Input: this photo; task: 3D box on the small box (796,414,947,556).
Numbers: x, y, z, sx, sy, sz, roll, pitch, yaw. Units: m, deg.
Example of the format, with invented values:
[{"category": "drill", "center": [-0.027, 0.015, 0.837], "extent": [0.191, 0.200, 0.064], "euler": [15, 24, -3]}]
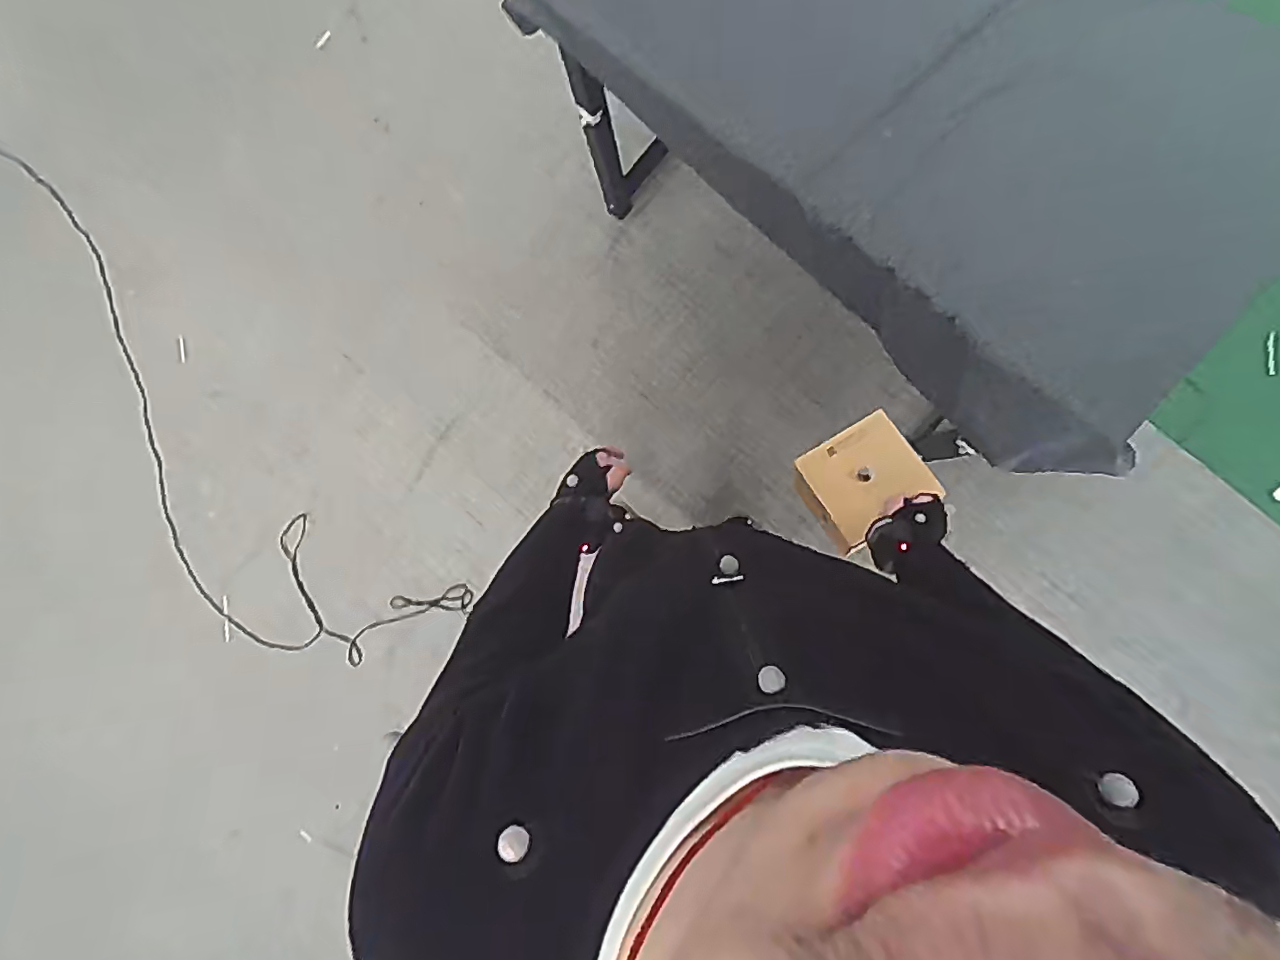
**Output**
[{"category": "small box", "center": [0.383, 0.010, 0.928], "extent": [0.168, 0.179, 0.176], "euler": [-34, 71, 9]}]

ASSIGNED TASK: Exactly as written, return every line of the listing, but not the pictures.

ANSWER FOR THE TASK:
Input: this photo; task: 3D box on the small box (796,414,947,556).
Numbers: x, y, z, sx, sy, sz, roll, pitch, yaw. Units: m, deg.
Example of the format, with invented values:
[{"category": "drill", "center": [-0.027, 0.015, 0.837], "extent": [0.191, 0.200, 0.064], "euler": [15, 24, -3]}]
**Output**
[{"category": "small box", "center": [0.383, 0.010, 0.928], "extent": [0.168, 0.179, 0.176], "euler": [-34, 71, 9]}]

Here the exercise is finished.